### Work task
Your job is to return every line of the listing holding the string "Numbers".

═════ Entries supplied

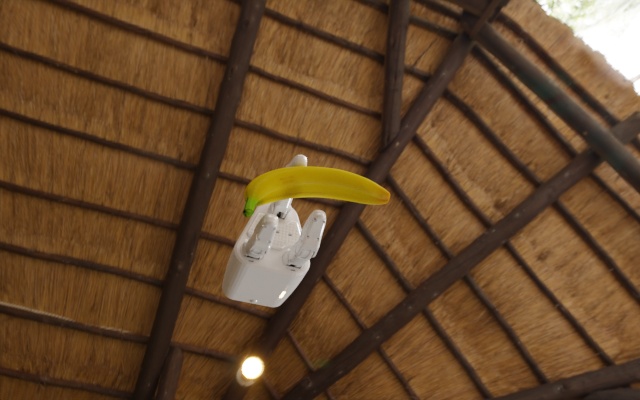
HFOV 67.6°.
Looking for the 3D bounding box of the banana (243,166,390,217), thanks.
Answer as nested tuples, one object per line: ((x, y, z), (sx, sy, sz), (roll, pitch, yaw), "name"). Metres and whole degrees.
((-0.010, -0.012, 0.566), (0.198, 0.069, 0.037), (-7, -37, -30), "banana")
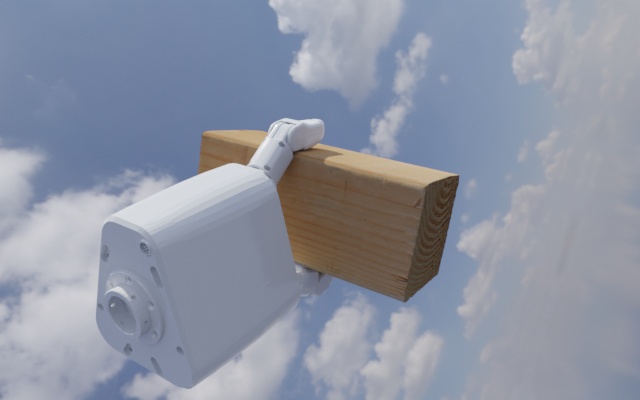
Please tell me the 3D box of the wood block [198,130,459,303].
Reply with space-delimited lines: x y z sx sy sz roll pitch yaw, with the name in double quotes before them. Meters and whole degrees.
"wood block" 0.000 0.001 0.413 0.206 0.091 0.090 16 15 28
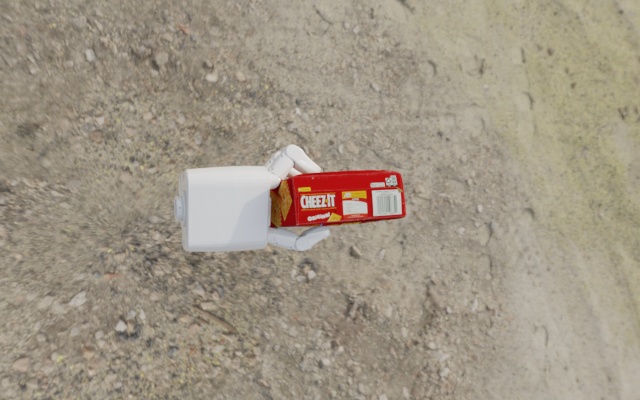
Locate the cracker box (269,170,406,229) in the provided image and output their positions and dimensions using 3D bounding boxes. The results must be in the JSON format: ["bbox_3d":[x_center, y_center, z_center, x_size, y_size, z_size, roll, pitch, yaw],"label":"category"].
[{"bbox_3d":[0.000,0.003,0.715,0.164,0.072,0.214,-4,-2,-23],"label":"cracker box"}]
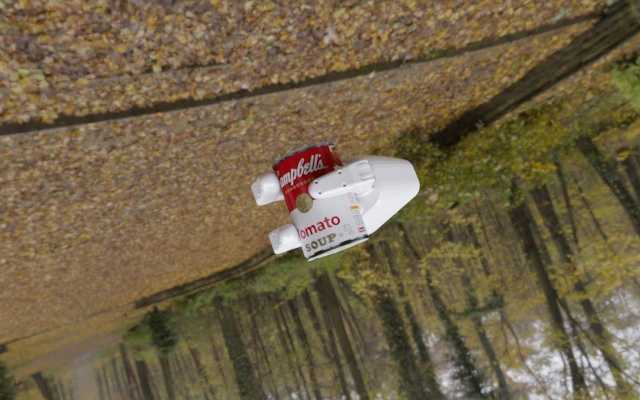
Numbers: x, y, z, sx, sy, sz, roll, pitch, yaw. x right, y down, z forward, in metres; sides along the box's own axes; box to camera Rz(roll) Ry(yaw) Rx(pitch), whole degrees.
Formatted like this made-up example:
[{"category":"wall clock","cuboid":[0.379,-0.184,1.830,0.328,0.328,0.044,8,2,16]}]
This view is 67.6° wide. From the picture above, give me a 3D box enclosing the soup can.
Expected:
[{"category":"soup can","cuboid":[0.000,0.002,0.477,0.068,0.102,0.068,-20,-8,-3]}]
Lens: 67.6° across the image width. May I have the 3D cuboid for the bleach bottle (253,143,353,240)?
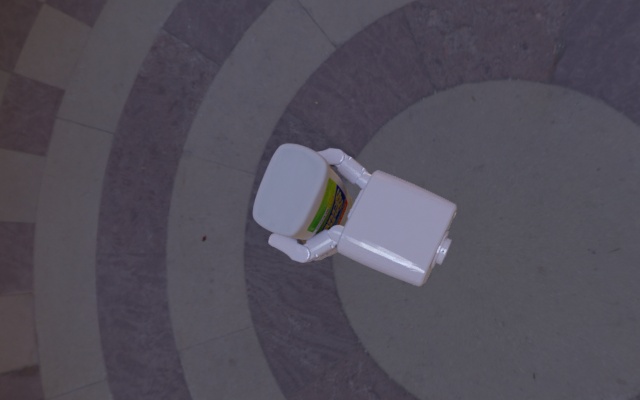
[{"bbox_3d":[0.000,0.002,0.625,0.068,0.102,0.251,24,2,18],"label":"bleach bottle"}]
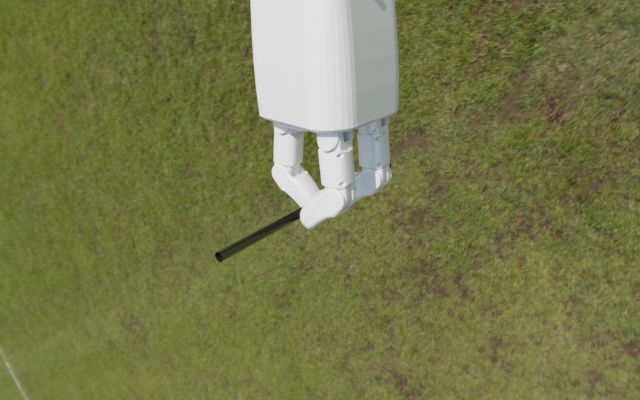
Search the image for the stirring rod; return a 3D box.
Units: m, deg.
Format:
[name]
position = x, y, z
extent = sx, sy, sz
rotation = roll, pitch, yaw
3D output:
[stirring rod]
position = 0.000, 0.001, 0.430
extent = 0.011, 0.011, 0.239
rotation = 0, 19, 40
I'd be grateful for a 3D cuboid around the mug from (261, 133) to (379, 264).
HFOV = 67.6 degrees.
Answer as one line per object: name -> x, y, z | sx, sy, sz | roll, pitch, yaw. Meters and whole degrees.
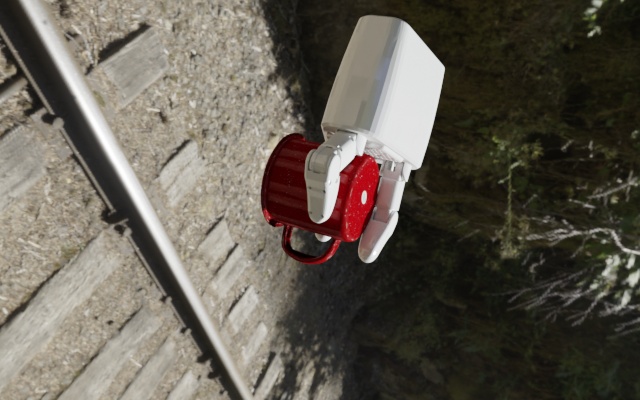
mug -> 0.000, 0.003, 0.442 | 0.081, 0.117, 0.093 | 15, -5, 23
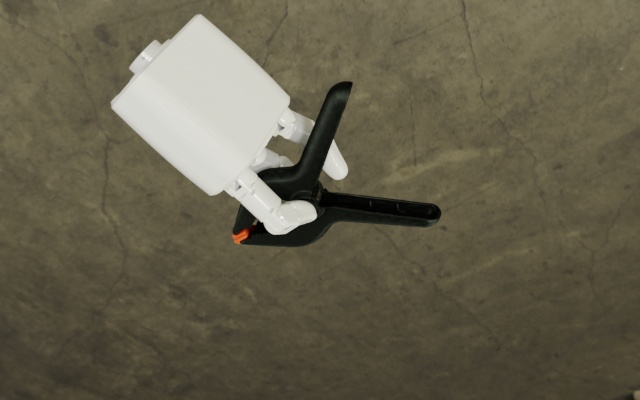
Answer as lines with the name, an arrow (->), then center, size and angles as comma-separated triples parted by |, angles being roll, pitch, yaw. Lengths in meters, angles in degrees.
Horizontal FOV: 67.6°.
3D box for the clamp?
clamp -> -0.001, 0.002, 0.470 | 0.210, 0.164, 0.036 | -32, 24, 32
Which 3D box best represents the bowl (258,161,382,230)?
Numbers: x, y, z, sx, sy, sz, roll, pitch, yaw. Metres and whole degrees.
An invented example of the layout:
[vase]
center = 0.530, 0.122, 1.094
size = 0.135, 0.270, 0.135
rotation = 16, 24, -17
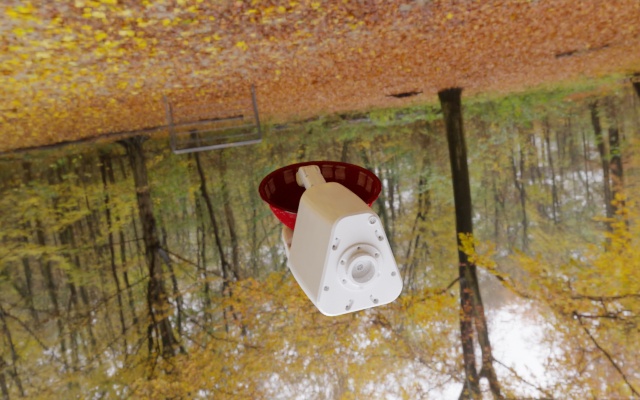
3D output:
[bowl]
center = 0.000, 0.002, 0.639
size = 0.162, 0.055, 0.162
rotation = -1, 28, 1
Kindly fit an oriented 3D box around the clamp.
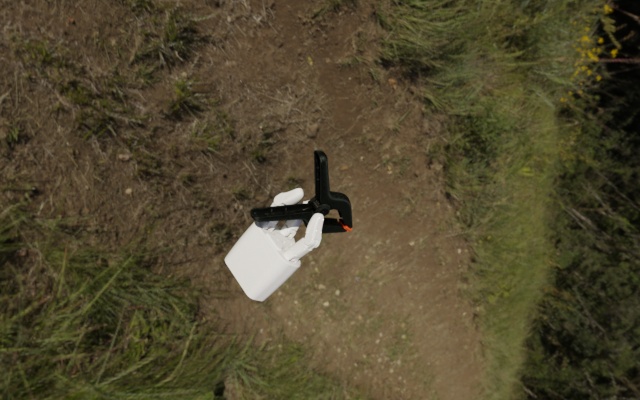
[{"bbox_3d":[0.001,0.004,0.849,0.210,0.164,0.036,26,26,-44],"label":"clamp"}]
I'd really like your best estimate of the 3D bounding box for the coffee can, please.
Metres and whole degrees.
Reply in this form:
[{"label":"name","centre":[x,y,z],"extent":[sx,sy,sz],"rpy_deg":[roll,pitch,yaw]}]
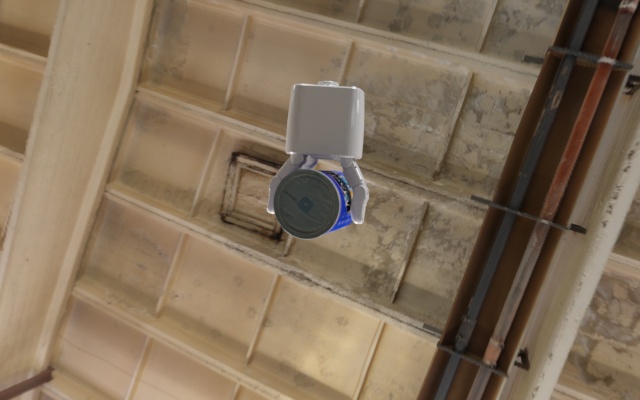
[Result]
[{"label":"coffee can","centre":[0.000,0.003,0.755],"extent":[0.103,0.103,0.140],"rpy_deg":[0,3,18]}]

══════════

### Your response
Numbers: x, y, z, sx, sy, sz, roll, pitch, yaw. x right, y down, z forward, in metres; sides along the box's own axes; box to camera Rz(roll) Ry(yaw) Rx(pitch), whole degrees.
Numbers: x, y, z, sx, sy, sz, roll, pitch, yaw. Metres and whole degrees.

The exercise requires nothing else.